Поэтому я позволю себе высказаться о своих впечатлениях и наблюдениях вне какого-либо жёсткого нарратива, предложить взгляд «сбоку», отчасти через ту призму, через которую я как антрополог привыкла воспринимать произведения искусства. Возможно, он окажется интересным для тех, у кого достанет любопытства прочесть мой опус.
Прежде всего, я испытываю удовольствие от того, как много контекстов вобрал короткий текст «Шекспира»: и искушённый шекспировед, и ценитель русской поэзии получат немалую пищу для аллюзий и богатых ассоциаций, с разной степенью проявленных в «Сценах». Несмотря на свой юный возраст, Илья Тюрин (в момент написания «Шекспира» ему было 17 лет) вполне по-взрослому вступает в игру на культурном пространстве постмодерна, сохраняя притом необходимую для такой игры ясность сознания, но не торопясь выстроить для читателя очевидный нарратив – для чего и о чём он «издалека заводит речь». Своего рода шахматная партия, составленная словно бы по «свежим следам» личного диалога с Фуко и Делёзом…
«Сценам» предпослан «Сонет» – эпиграф, решительно уводящий читателя из привычного ему пространства в поле авторского замысла, где привычная система координат начинает смещаться, переворачиваться и превращаться в систему переотражений. «Сонет» по форме не вполне каноничен – 16 строк вместо 14. Этот лёгкий «сдвиг» формы красноречиво, но вполне аккуратно отражает сдвиг смысловой: двойное смещение ракурса – с «Гамлета» на проблему его автора, и одновременно – от поиска имени извне к обращённости к внутреннему «я», и через то – вовлечение в поток самовопрошаний читателя.
Всё это при соблюдении традиционных формальных правил: Илья сохраняет приверженность ритмизованному, «шекспировскому» белому стиху, не выбившись из метрики, не нарушая цельности формы и внутреннего равновесия, сдержанности тона. Какими бы эмоциями ни кипели персонажи, вязь метра и почти классической меры делает невозможной какую-либо крайность, все участники «сцен» остаются в рамках «джентльменской» интеллектуальной игры, которую предлагает нам автор.

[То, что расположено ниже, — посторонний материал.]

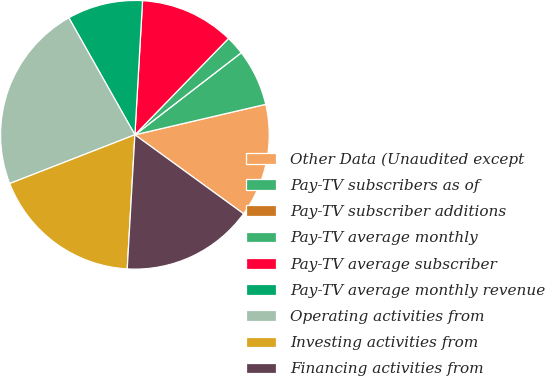<chart> <loc_0><loc_0><loc_500><loc_500><pie_chart><fcel>Other Data (Unaudited except<fcel>Pay-TV subscribers as of<fcel>Pay-TV subscriber additions<fcel>Pay-TV average monthly<fcel>Pay-TV average subscriber<fcel>Pay-TV average monthly revenue<fcel>Operating activities from<fcel>Investing activities from<fcel>Financing activities from<nl><fcel>13.64%<fcel>6.82%<fcel>0.0%<fcel>2.27%<fcel>11.36%<fcel>9.09%<fcel>22.73%<fcel>18.18%<fcel>15.91%<nl></chart> 
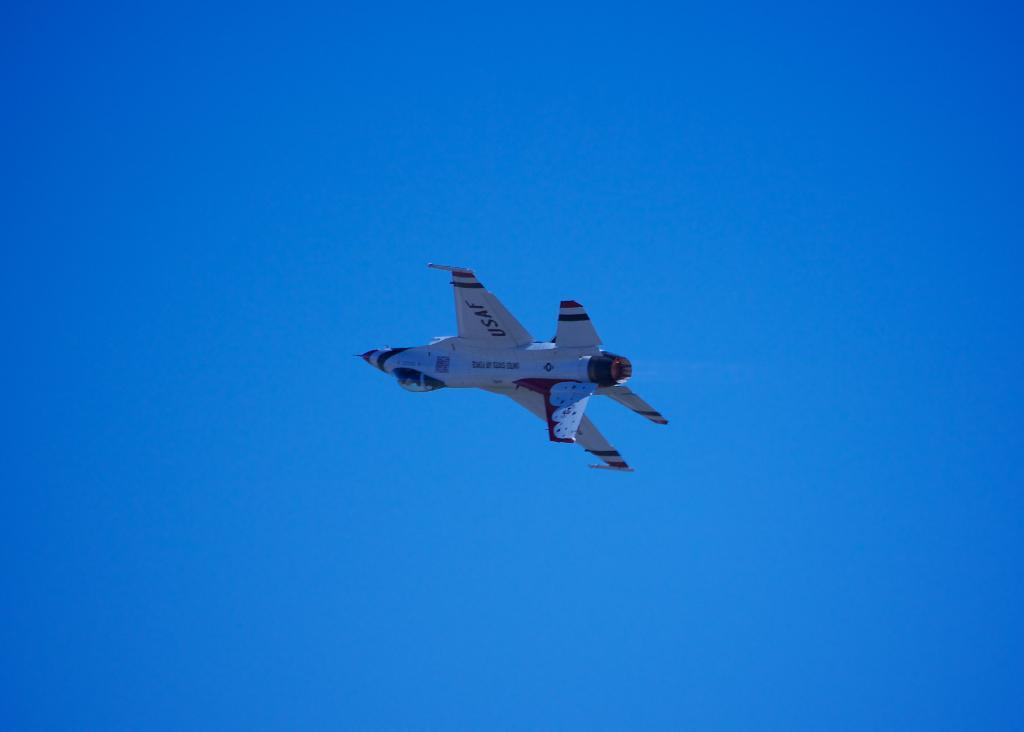What is the main subject of the picture? The main subject of the picture is an aircraft. What is the aircraft doing in the picture? The aircraft is flying in the sky. What type of glove is being used by the aircraft in the image? There is no glove present in the image, as the subject is an aircraft flying in the sky. What type of business is being conducted by the aircraft in the image? The image does not provide information about any business being conducted by the aircraft. 
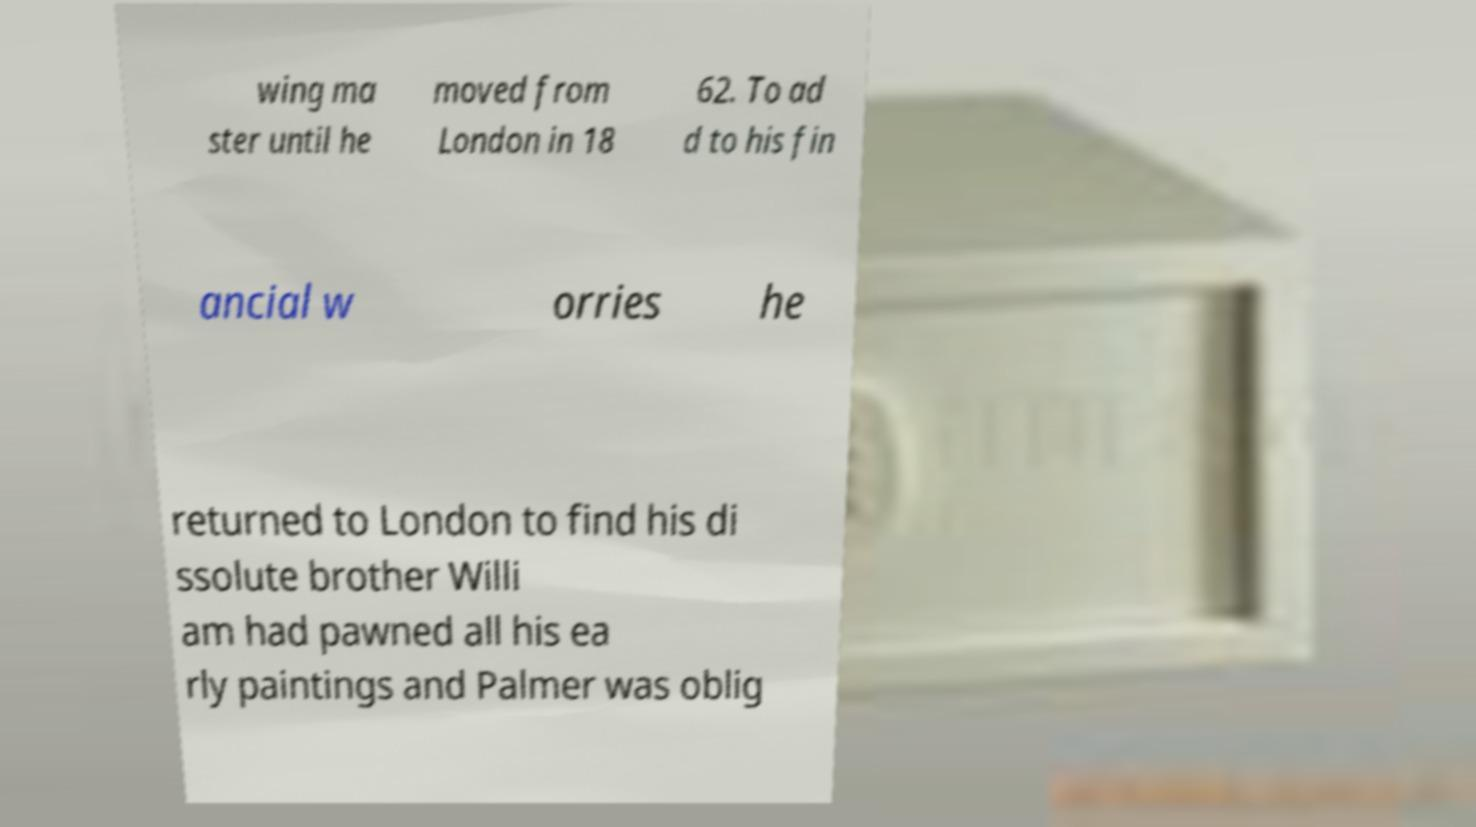For documentation purposes, I need the text within this image transcribed. Could you provide that? wing ma ster until he moved from London in 18 62. To ad d to his fin ancial w orries he returned to London to find his di ssolute brother Willi am had pawned all his ea rly paintings and Palmer was oblig

«Срез» бытия окололитературных и околотеатральных вымышленных персонажей напоминает синусоиду: действие первого акта происходит перед премьерой «Гамлета» и движется к кульминации с нарастающим напряжением, действие второго застаёт персонажей сразу после спектакля и в финале звучит как мощный и тяжёлый выдох: «Шекспир!» Центральная проблема как будто очевидна: авторство пьесы, на которое могут претендовать несколько участников действа (а поток вполне серьёзных «кандидатов», заметим, и на самом деле не иссяк по сей день при том, что британские scholars давно уже пришли к неофициальному, но укоренённому мнению: Шекспир был подставным лицом, но по экономическим и, возможно, иным причинам пусть внешне всё останется как есть (Стратфорд-на-Эйвоне живёт за счёт паломничества туристов и т.д.).
Увы! Надежды читателя на разгадку, пусть бы и выдуманную, не сбудутся. Непрояснённость авторства – в лучшей традиции шекспироведения как поиска «отмычек» к смыслам произведений: недаром ещё Выготский говорил о том, что «Гамлет» построен как загадка, а потому и все интерпретации знаменитой трагедии бесполезны, никакая идея не пригодится в «расшифровке». Тайна произведения и тайна автора переплетаются, так сказать, в духе литературного первоисточника… Хотя, читая, ловишь себя на нетерпеливом предвкушении: вот ещё немного, и «правильное имя» будет у тебя в кармане – пусть в виде обрывка записочки, какого-то символического «ключа» к разгадке, но… Приём, который вводит Илья, в точности соответствует идее Лакана об отсутствующем объекте, что, будучи неявленным, выполняет в то же время главную структурирующую и связующую функцию. И вокруг этой невидимой точки или оси и закручивается действо, разгораются страсти и споры. Неуловимый, он всё время ускользает из поля зрения, оставляя лишь «след» в речах и в сознании говорящих, меняя их позиции и соотношения сил.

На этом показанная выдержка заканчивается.